For a ConvNN I trained recently, this is the learning curves when using Adam optimizer with initial learning rate = 0.01:
When using the traditional SGD with initial learning rate = 0.01, momentum = 0.9 and decaying learning rate every 3 epochs with decay rate of 0.96, the learning curves become:
I hope you see the drastic difference. With momentum, we got 10% error rate after 5 epochs. While with Adam, we got ~30% error rate after 20 epochs.
Now it might happen that Adam will work better if we add fancy stuff like Batch Norm and the likes to the network, which I didn’t try. However, when everything else being equal, it feels to me that Adam was a bit aggressive in decreasing the learning rate, which makes learning progress slow after a while.
Since the learning rate is more strongly regulated in Adam, perhaps we can be more lax in setting the initial learning rate? This is the learning curves for Adam with initial learning rate = 0.1
It went wild eventually.
But with initial learning rate = 0.001, Adam gives this:
It is much better now.
Over the years, momentum and decaying learning rate has been my first choice for tuning the learning rate. I sometimes use Adagrad/RMSProp/Adam for cross-checking, but the best results are usually found with momentum, often with less training epochs.
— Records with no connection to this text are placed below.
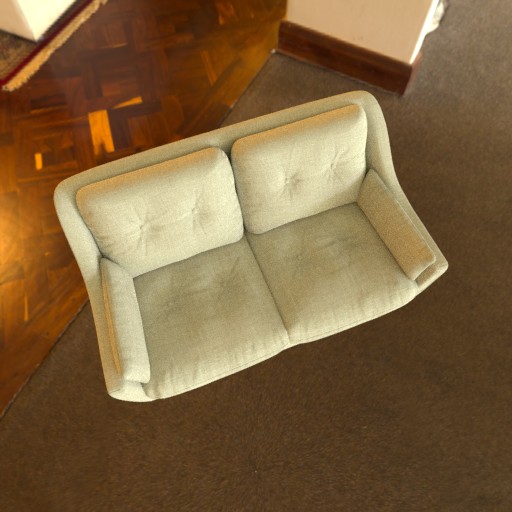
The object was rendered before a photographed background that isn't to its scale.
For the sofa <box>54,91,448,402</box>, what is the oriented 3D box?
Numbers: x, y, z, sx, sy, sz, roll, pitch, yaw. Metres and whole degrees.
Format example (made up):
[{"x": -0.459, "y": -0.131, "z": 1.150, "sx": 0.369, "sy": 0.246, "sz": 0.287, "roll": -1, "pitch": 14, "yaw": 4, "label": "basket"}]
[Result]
[{"x": 0.000, "y": 0.000, "z": 2.237, "sx": 1.652, "sy": 0.888, "sz": 0.965, "roll": -19, "pitch": 66, "yaw": -9, "label": "sofa"}]
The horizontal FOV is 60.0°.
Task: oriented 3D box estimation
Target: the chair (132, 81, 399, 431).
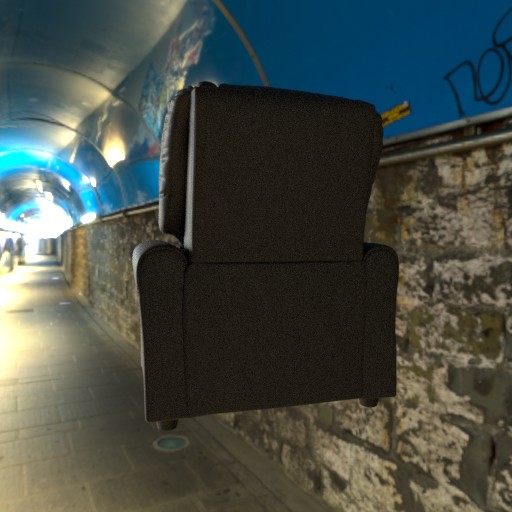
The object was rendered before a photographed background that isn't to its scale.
[{"bbox_3d":[0.000,0.000,1.139,0.610,0.709,0.521,0,2,-16],"label":"chair"}]
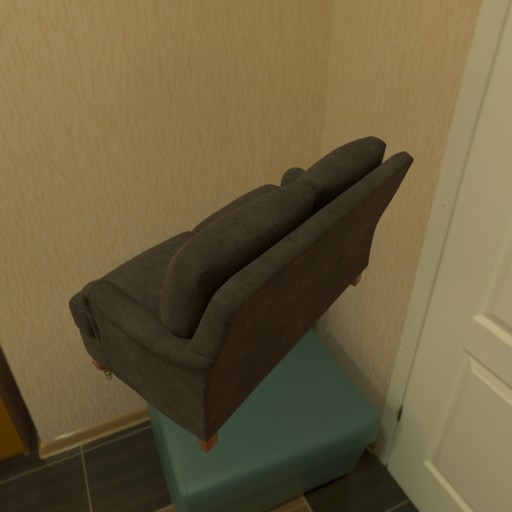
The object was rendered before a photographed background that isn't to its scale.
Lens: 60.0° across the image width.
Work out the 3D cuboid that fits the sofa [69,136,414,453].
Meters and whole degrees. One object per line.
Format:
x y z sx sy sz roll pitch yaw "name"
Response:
0.000 0.000 2.558 1.084 1.101 1.853 21 38 29 "sofa"
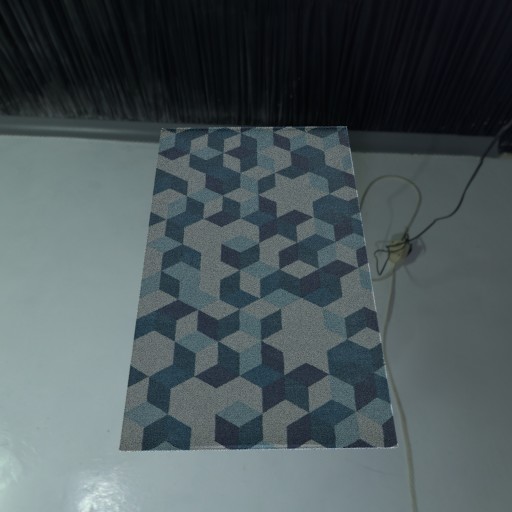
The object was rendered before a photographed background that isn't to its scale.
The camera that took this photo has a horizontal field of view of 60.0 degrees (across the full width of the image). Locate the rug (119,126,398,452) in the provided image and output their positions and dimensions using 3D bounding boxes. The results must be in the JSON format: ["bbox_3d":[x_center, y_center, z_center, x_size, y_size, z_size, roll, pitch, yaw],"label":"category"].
[{"bbox_3d":[0.000,0.000,3.022,1.518,0.015,2.438,-1,60,0],"label":"rug"}]
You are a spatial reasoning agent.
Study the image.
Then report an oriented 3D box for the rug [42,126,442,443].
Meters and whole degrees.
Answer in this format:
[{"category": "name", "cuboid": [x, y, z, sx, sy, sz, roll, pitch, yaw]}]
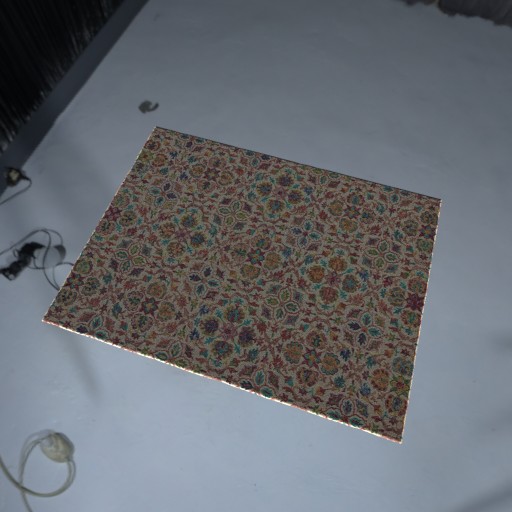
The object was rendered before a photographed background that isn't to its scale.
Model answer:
[{"category": "rug", "cuboid": [0.000, 0.000, 4.248, 3.215, 0.020, 2.446, 16, 63, 8]}]
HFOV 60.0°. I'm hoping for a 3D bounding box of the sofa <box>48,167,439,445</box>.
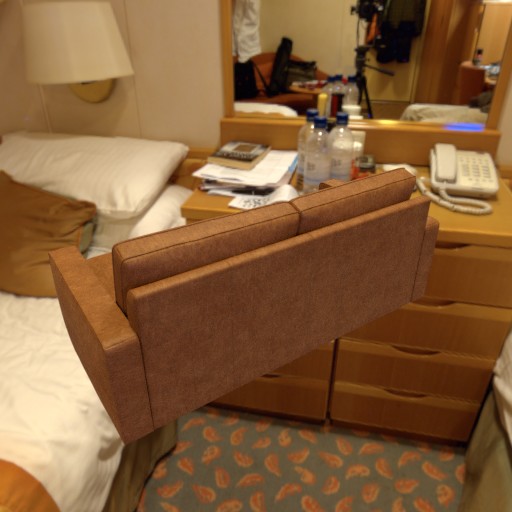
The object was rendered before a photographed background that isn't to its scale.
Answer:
[{"bbox_3d":[0.000,0.000,2.644,2.156,0.928,0.991,-18,34,-30],"label":"sofa"}]
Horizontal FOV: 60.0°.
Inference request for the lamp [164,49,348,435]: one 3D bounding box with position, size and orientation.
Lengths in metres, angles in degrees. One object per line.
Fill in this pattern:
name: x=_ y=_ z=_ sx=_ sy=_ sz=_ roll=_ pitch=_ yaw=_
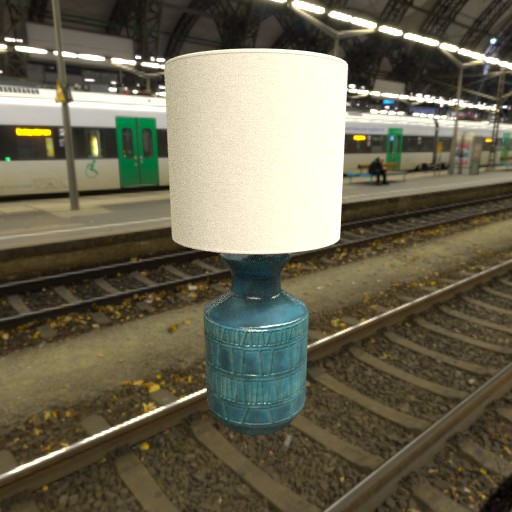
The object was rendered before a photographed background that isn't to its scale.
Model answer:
lamp: x=0.000 y=0.000 z=0.574 sx=0.211 sy=0.455 sz=0.211 roll=7 pitch=16 yaw=27
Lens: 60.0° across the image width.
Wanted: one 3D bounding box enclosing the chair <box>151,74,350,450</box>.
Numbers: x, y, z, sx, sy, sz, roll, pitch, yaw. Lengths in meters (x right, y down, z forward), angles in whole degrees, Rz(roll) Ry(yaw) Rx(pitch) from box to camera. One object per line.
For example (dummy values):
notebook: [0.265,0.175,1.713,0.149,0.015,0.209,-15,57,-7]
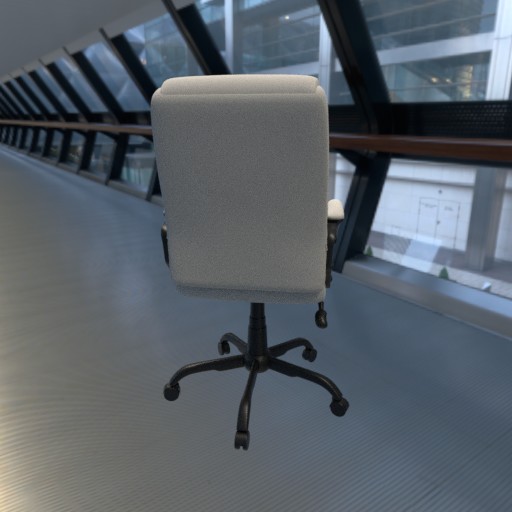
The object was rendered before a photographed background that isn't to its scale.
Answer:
chair: [0.000,0.000,1.475,0.663,1.065,0.669,2,16,8]
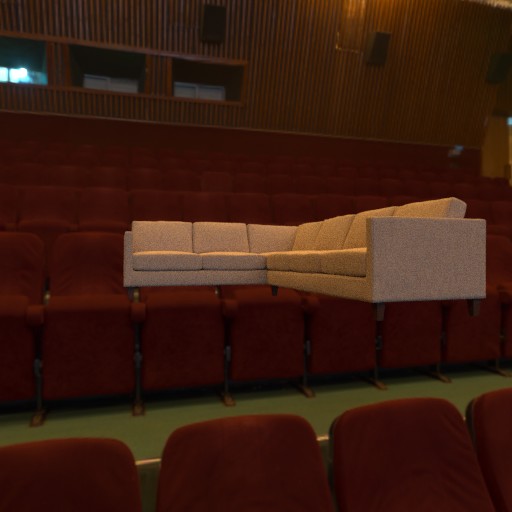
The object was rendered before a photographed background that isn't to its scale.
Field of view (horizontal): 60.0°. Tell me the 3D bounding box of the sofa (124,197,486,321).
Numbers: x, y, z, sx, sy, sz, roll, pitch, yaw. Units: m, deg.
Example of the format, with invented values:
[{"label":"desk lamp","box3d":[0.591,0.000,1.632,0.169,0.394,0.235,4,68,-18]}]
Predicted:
[{"label":"sofa","box3d":[0.000,0.000,4.270,2.432,0.863,3.182,0,0,-17]}]
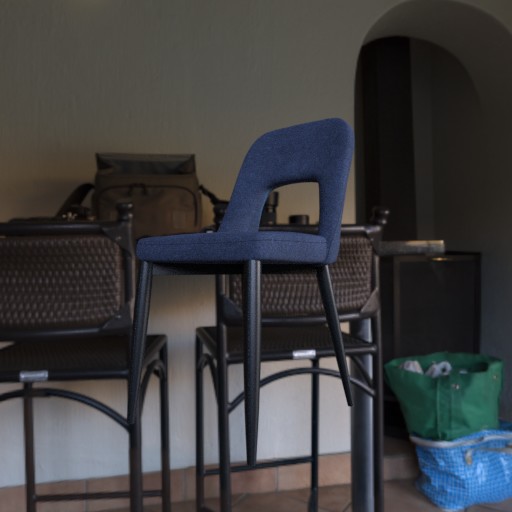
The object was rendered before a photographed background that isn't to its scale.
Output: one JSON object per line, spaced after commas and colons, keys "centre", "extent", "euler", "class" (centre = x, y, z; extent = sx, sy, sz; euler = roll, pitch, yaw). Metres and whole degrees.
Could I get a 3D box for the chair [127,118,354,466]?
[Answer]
{"centre": [0.000, 0.000, 1.328], "extent": [0.470, 0.931, 0.612], "euler": [-1, -1, 37], "class": "chair"}
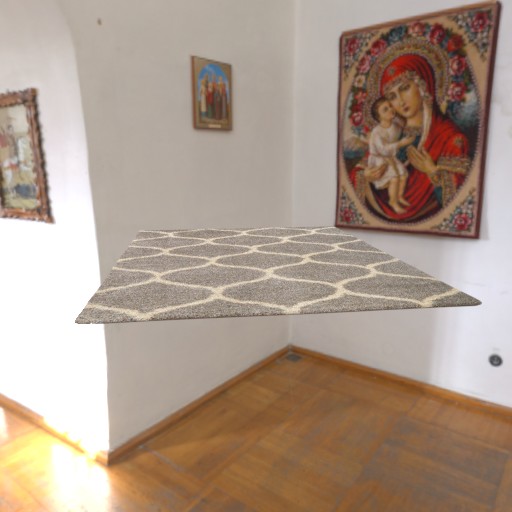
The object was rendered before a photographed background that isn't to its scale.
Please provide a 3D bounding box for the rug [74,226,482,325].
[{"bbox_3d":[0.000,0.000,3.983,2.399,0.026,3.000,-2,13,-8],"label":"rug"}]
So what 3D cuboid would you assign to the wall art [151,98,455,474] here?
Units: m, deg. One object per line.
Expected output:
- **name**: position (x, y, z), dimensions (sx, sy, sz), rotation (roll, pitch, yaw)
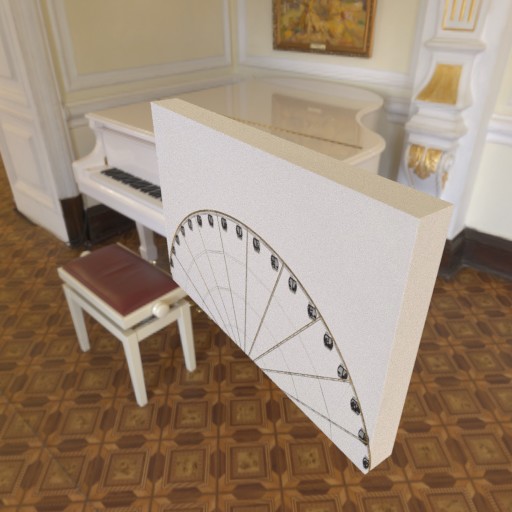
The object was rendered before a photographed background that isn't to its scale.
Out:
- **wall art**: position (0.000, 0.000, 0.471), dimensions (0.039, 0.254, 0.384), rotation (-20, 37, -29)
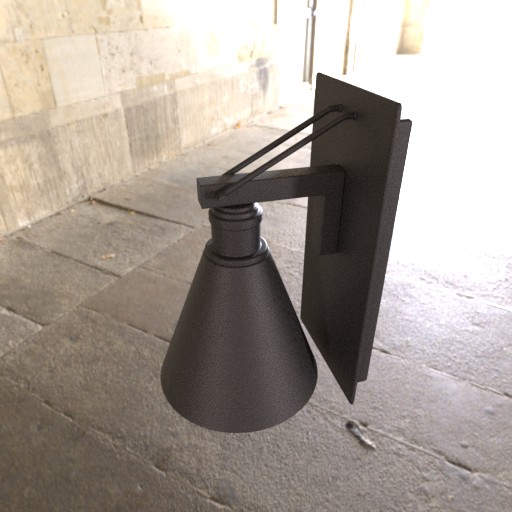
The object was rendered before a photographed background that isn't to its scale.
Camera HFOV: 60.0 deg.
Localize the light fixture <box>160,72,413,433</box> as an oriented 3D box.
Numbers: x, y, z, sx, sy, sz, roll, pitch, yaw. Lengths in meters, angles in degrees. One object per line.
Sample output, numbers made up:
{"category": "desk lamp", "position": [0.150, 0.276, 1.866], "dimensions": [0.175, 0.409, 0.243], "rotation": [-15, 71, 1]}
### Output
{"category": "light fixture", "position": [0.000, 0.000, 0.419], "dimensions": [0.207, 0.298, 0.170], "rotation": [-8, 32, -14]}
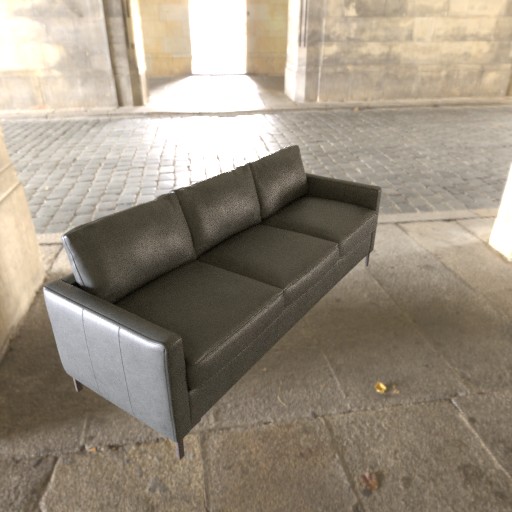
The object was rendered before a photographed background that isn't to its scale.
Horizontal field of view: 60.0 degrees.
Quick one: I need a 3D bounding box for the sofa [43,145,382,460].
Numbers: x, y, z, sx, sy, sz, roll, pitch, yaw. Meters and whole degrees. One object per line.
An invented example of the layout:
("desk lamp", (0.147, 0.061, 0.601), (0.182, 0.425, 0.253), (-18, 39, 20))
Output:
("sofa", (0.000, 0.000, 2.415), (0.748, 0.805, 2.029), (17, 32, 30))
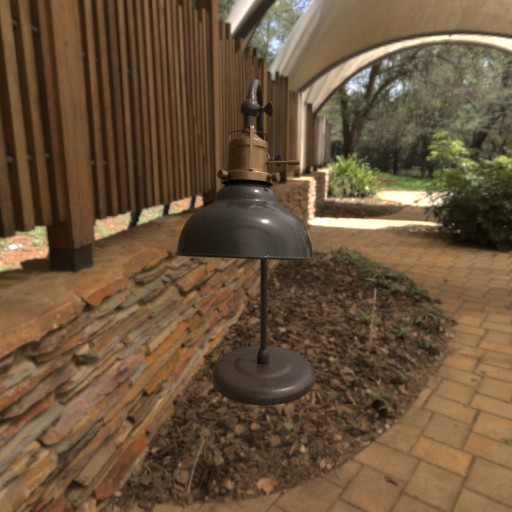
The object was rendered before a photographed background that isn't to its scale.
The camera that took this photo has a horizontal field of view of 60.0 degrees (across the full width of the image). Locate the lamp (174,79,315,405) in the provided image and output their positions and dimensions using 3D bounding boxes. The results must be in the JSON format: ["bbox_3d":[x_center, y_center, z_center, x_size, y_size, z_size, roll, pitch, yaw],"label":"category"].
[{"bbox_3d":[0.000,0.000,0.680,0.192,0.508,0.374,2,14,8],"label":"lamp"}]
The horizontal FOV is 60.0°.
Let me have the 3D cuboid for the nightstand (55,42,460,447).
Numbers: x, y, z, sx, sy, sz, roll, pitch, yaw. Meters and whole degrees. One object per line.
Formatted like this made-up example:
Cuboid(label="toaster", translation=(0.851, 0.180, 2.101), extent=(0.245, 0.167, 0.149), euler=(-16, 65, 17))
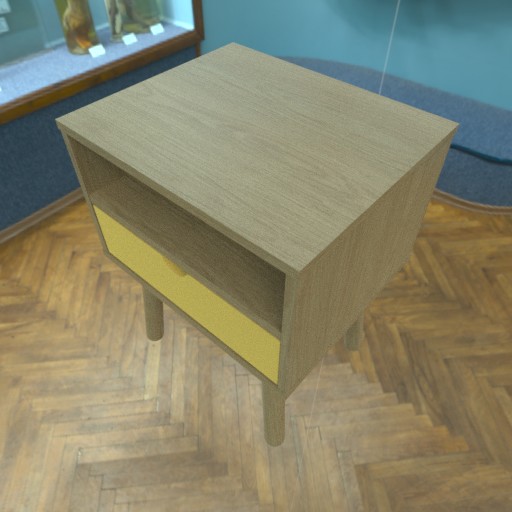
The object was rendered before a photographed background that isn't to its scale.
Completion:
Cuboid(label="nightstand", translation=(0.000, 0.000, 0.853), extent=(0.450, 0.571, 0.380), euler=(33, 55, 27))
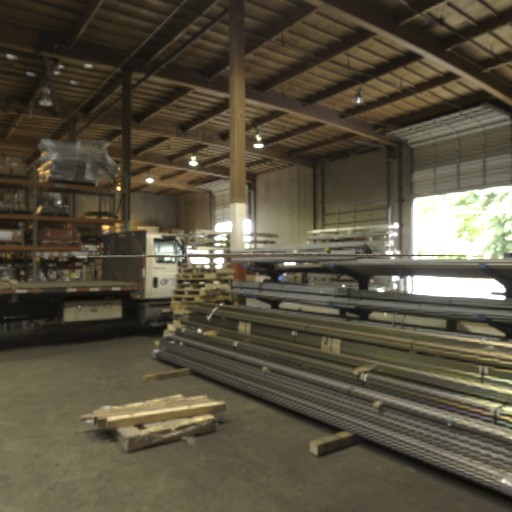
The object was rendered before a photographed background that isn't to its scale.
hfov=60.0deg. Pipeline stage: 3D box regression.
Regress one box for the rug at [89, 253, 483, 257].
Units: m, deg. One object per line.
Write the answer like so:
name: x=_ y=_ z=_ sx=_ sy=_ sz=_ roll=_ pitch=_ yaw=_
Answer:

The take-away message is you should really tune your learning rate hard. It is still one of the most important hyper-parameters. Although methods like Adam/Adagrad might make the impression that tuning the learning rate is easy, in fact it is very problem-dependent. Momentum has many more knobs to tune, but once used wisely, it will be very flexible and powerful. Often you will end up to the same ballpark with any of those optimizers.